══ RECORD EXTRACTS
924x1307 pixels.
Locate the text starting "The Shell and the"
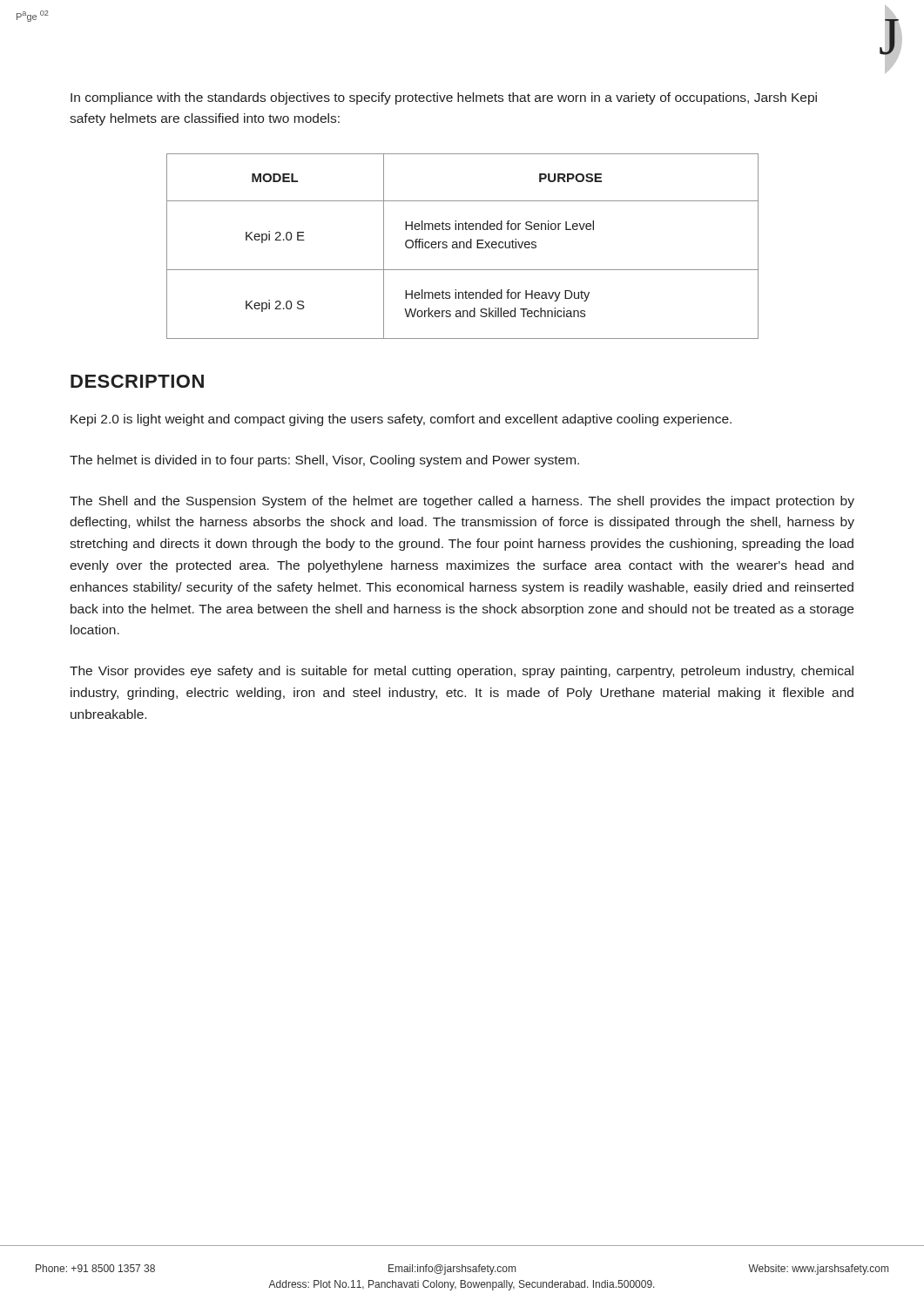[462, 565]
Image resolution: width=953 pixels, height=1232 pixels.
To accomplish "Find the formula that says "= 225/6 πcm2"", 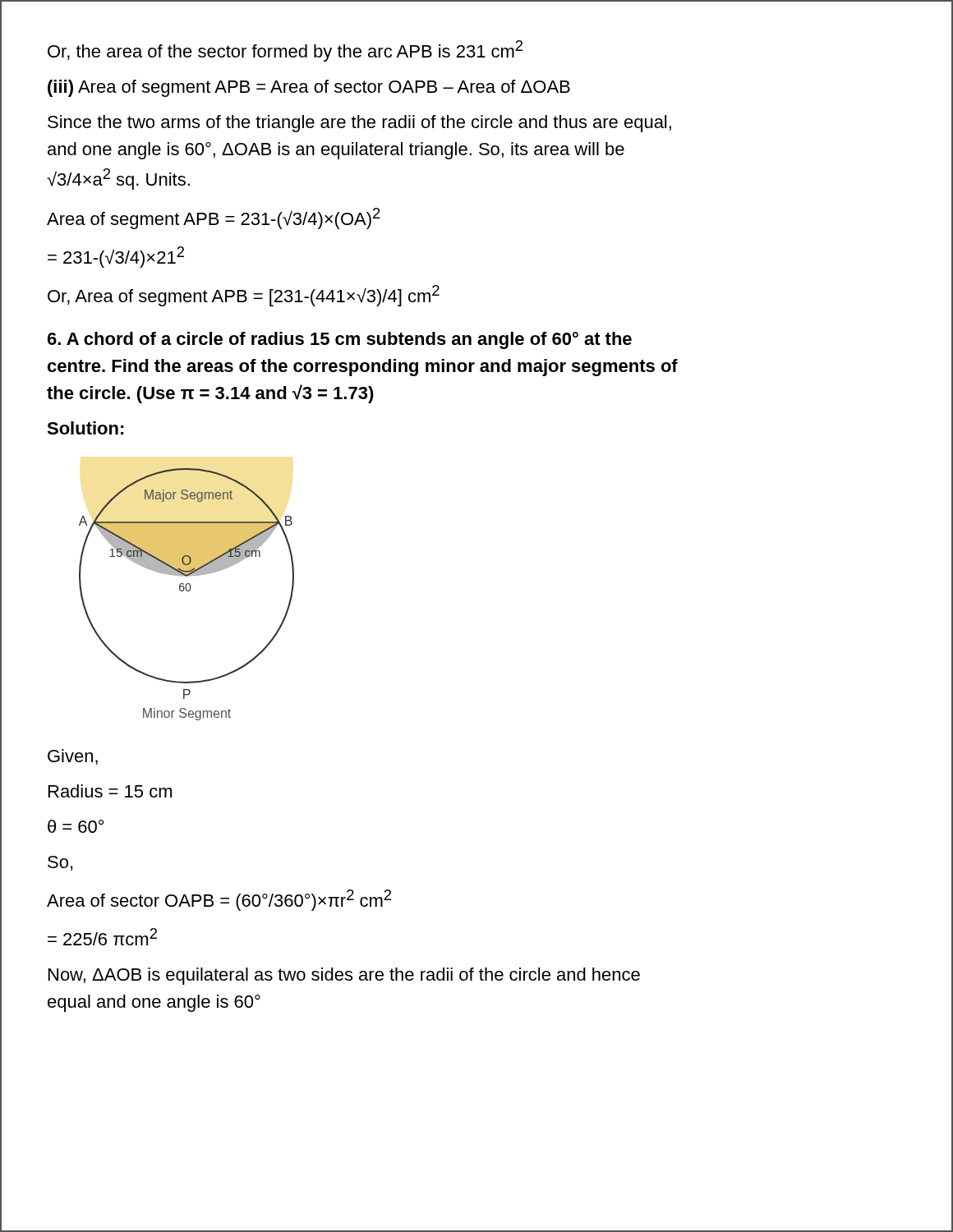I will (102, 937).
════
TASK GOAL :: Work through the records line by line and tally those holding "pixels". Reply with the number alone.

WRITTEN SOLUTION :: 2